My position might perhaps be called “Requiredism.” When agency, choice, control, and moral responsibility are cashed out in a sensible way, they require determinism—at least some patches of determinism within the universe. If you choose, and plan, and act, and bring some future into being, in accordance with your desire, then all this requires a lawful sort of reality; you cannot do it amid utter chaos. There must be order over at least those parts of reality that are being controlled by you. You are within physics, and so you/physics have determined the future. If it were not determined by physics, it could not be determined by you.

Or perhaps I should say, “If the future were not determined by reality, it could not be determined by you,” or “If the future were not determined by something, it could not be determined by you.” You don’t need neuroscience or physics to push naive definitions of free will into incoherence. If the mind were not embodied in the brain, it would be embodied in something else; there would be some real thing that was a mind. If the future were not determined by physics, it would be determined by something, some law, some order, some grand reality that included you within it.

But if the laws of physics control us, then how can we be said to control ourselves?

Turn it around: If the laws of physics did not control us, how could we possibly control ourselves?

How could thoughts judge other thoughts, how could emotions conflict with each other, how could one course of action appear best, how could we pass from uncertainty to certainty about our own plans, in the midst of utter chaos?

If we were not in reality, where could we be?

The future is determined by physics.
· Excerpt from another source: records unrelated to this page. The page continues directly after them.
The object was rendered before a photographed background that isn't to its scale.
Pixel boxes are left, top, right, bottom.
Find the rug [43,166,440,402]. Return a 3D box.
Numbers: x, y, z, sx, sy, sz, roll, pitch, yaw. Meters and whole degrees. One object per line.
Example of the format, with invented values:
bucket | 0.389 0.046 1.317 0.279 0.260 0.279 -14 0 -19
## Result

What kind of physics? The kind of physics that includes the actions of human beings.

People’s choices are determined by physics. What kind of physics? The kind of physics that includes weighing decisions, considering possible outcomes, judging them, being tempted, following morals, rationalizing transgressions, trying to do better…

There is no point where a quark swoops in from Pluto and overrides all this.

The thoughts of your decision process are all real, they are all something. But a thought is too big and complicated to be an atom. So thoughts are made of smaller things, and our name for the stuff that stuff is made of is “physics.”

Physics underlies our decisions and includes our decisions. It does not explain them away.

Remember, physics adds up to normality; it’s your cognitive algorithms that generate confusion.